For each iteration the call returns a triple consisting of (identifier, number of rows, and sum of all individual counts).
idList ( [ $pattern ] )
Iterates through the entries according to the optional selection.
For each iteration the call returns a tuple consisting of identifier and an list of array references (Seqno, Hits, Info, explicit Link, AltId) or the emtpy list if finished.
Hits, Info, Link and AltId are normalized to the empty string if undefined (or < 2 for hits).
It is important to finish all iterations before calling this method for "new" arguments:
1 while $db->idList(); # flush pending results
Manipulation of global metadata: Open Search Description
setOSD ( $field, $value }
Sets the field $field of the OpenSearchDescription to $value.
clearOSD ( $field }
Clears the field $field of the OpenSearchDescription.
addOSD ( $field, $value }
Appends $value the (repeatable) field $field of the OpenSearchDescription.
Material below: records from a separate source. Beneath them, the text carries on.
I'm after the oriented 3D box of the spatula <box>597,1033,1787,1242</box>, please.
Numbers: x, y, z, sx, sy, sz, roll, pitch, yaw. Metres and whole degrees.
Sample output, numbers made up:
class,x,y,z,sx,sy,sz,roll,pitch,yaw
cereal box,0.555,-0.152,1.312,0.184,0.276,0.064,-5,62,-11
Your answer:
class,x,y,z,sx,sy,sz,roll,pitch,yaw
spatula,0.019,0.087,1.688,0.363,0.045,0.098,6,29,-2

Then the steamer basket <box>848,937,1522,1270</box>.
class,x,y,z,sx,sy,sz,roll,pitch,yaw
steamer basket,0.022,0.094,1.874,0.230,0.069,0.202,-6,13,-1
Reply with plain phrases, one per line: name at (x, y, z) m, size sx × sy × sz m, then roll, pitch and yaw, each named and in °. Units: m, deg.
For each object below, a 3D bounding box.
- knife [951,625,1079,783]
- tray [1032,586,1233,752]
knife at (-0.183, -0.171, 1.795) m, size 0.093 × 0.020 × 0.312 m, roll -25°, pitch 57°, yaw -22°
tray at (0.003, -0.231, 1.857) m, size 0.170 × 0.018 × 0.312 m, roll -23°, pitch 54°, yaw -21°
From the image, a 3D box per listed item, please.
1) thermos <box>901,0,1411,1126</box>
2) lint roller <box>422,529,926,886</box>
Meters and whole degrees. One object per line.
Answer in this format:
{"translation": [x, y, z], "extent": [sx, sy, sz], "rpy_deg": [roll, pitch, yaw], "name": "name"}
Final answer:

Manipulation of global metadata: Beacon Metadata
These headers are used when you will be publishing a beacon file for the collection.
setBeaconMeta ( $field, $value )
Sets the field $field of the Beacon meta table (used to generate a BEACON file for this service) to $value.
clearBeaconMeta ( $field }
Deletes the field $field of the Beacon meta table.
addBeaconMeta ( $field, $value )
Appends $value to the field $field of the BEACON meta table
admin ( [$field, [$value]] )
Manipulates the admin table.
Yields a hashref to the admin table if called without arguments.
If called with $field, returns the current value, and sets the table entry to $value if defined.
AUTHOR
Thomas Berger
CPAN ID: THB
gymel.com
THB@cpan.org
COPYRIGHT
This program is free software; you can redistribute it and/or modify it under the same terms as Perl itself.
The full text of the license can be found in the LICENSE file included with this module.